The approach involves a lineage counter of records coming from each input channel and a counter of output records.

Note that the approach generalises to multiple downstream operators because the order of records appearing in each input channel is fixed by the guarantee of FIFO channels and we can reconstruct the order of records sent to multiple downstream operators by using the output record counter.

Approach 4: Causal Logging

As we have seen in other approaches, the main issue tends to be that the recovering operator must be able to reach an equivalent state as before failure.

Some operator functions are more or less sensitive to order of processing of records.

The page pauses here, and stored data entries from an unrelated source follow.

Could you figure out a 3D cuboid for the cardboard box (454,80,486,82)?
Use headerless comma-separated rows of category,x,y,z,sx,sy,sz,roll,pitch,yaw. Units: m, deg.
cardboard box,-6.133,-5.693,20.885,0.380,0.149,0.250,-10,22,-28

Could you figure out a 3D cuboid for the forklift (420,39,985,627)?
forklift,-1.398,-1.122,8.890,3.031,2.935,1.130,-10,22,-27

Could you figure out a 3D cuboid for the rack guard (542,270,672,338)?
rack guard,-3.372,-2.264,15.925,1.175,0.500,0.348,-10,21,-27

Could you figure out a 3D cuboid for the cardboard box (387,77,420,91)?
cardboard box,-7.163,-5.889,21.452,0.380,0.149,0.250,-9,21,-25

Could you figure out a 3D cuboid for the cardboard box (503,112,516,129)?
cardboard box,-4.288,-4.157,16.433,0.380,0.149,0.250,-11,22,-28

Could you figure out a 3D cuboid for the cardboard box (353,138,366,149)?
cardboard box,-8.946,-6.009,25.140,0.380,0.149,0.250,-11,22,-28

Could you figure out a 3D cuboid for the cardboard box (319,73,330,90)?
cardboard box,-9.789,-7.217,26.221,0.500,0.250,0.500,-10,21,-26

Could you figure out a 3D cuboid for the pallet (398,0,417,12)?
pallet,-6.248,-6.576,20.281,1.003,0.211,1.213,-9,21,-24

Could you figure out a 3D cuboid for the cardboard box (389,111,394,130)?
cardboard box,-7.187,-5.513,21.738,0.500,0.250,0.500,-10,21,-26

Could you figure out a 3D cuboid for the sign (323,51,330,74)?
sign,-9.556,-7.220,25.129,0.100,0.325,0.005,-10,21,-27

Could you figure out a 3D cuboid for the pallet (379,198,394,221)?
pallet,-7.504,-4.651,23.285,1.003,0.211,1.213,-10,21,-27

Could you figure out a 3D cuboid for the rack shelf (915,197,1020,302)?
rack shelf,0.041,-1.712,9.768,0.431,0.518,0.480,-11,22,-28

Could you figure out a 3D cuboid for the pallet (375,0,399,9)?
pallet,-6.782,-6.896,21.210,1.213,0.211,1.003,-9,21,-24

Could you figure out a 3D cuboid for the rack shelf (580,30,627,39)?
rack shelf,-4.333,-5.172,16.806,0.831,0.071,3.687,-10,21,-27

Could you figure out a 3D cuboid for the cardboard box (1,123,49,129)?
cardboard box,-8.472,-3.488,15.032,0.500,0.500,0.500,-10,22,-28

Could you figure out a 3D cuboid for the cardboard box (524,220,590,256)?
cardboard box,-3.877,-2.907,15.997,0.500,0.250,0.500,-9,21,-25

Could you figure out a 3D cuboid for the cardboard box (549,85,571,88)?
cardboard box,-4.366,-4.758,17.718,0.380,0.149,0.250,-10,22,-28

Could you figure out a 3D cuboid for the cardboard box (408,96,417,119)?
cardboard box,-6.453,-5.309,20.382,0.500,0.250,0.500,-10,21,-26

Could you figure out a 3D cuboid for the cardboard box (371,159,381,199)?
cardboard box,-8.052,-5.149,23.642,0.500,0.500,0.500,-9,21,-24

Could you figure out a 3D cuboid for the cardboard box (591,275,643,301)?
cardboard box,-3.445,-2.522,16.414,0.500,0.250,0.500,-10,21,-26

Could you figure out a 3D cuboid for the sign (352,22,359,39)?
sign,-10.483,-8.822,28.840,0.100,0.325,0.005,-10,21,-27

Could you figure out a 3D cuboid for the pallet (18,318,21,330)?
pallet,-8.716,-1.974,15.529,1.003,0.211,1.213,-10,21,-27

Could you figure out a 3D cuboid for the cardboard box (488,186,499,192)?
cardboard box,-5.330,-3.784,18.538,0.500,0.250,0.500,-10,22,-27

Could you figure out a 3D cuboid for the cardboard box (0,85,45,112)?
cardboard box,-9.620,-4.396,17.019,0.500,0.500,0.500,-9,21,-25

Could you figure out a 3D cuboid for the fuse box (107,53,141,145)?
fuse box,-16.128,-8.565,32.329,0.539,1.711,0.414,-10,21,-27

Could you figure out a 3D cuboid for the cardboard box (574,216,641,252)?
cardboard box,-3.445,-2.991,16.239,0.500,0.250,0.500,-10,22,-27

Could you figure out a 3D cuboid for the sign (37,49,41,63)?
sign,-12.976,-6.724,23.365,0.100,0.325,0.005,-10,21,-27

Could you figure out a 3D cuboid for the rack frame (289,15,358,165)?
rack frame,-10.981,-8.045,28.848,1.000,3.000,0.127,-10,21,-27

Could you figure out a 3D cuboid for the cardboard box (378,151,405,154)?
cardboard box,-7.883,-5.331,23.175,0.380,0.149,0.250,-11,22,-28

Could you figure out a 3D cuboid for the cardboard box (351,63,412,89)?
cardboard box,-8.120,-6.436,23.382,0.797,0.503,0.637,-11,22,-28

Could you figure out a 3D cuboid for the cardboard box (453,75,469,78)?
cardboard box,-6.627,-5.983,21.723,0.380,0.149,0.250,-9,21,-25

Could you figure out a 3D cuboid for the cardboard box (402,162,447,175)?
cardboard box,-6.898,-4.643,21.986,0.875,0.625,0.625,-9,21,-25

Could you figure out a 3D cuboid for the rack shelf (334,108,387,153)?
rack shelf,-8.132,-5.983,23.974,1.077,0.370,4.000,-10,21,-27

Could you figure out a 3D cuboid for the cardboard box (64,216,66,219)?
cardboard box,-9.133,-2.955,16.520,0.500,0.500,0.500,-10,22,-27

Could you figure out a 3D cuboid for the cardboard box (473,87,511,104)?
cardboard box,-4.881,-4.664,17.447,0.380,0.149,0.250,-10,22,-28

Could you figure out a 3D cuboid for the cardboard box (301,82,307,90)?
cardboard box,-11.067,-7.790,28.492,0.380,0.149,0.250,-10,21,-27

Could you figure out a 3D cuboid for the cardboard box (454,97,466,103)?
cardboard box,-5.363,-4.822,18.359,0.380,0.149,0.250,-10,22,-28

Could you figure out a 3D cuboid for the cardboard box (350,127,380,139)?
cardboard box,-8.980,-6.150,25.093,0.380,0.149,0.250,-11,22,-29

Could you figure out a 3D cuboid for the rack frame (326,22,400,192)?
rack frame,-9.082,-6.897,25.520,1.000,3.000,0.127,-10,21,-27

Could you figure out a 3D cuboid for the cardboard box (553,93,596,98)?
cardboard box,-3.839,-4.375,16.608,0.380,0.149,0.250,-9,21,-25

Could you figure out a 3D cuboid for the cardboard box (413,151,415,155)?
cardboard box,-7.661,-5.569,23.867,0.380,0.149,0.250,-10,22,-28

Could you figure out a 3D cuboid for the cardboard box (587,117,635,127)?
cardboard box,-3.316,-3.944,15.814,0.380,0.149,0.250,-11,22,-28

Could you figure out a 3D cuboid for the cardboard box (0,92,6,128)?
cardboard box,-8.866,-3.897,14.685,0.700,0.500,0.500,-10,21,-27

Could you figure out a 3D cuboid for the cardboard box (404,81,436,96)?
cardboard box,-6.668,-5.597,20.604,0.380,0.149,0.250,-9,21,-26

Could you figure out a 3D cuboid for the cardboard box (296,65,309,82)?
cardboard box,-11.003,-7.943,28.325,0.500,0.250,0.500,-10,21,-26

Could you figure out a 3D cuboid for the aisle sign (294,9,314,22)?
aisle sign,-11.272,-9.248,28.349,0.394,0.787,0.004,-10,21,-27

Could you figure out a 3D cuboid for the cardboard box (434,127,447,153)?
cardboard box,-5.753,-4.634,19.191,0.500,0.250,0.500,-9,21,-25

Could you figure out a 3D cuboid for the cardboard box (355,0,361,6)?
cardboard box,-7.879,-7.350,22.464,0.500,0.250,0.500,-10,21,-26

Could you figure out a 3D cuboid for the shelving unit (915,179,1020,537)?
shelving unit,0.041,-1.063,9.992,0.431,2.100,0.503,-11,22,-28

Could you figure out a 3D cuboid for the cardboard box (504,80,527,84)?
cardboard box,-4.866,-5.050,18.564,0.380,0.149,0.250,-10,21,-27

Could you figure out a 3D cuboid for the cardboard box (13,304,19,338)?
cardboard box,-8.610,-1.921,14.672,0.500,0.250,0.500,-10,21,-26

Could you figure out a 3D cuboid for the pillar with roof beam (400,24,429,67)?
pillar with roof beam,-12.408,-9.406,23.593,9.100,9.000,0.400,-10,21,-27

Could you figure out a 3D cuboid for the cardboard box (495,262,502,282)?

Some operators are completely insensitive to order (e.g. stateless ops, windows), while others can reach the same state as pre-failure by processing the same set of messages, even if in a different order (e.g. rolling sum), we will call these convergent-capable. Finally, there is a large set of operator functions that are highly sensitive to processing order, and may diverge in state if even one message is processed in a different order (e.g. most UDFs).

Operator types:

  • Order insensitive: stateless operators, joins with no timeout, event-time windows
  • Order sensitive:
    • Convergent-capable: rolling aggregates
    • Divergent: Operators with timeouts, service-like operators (causal links between records)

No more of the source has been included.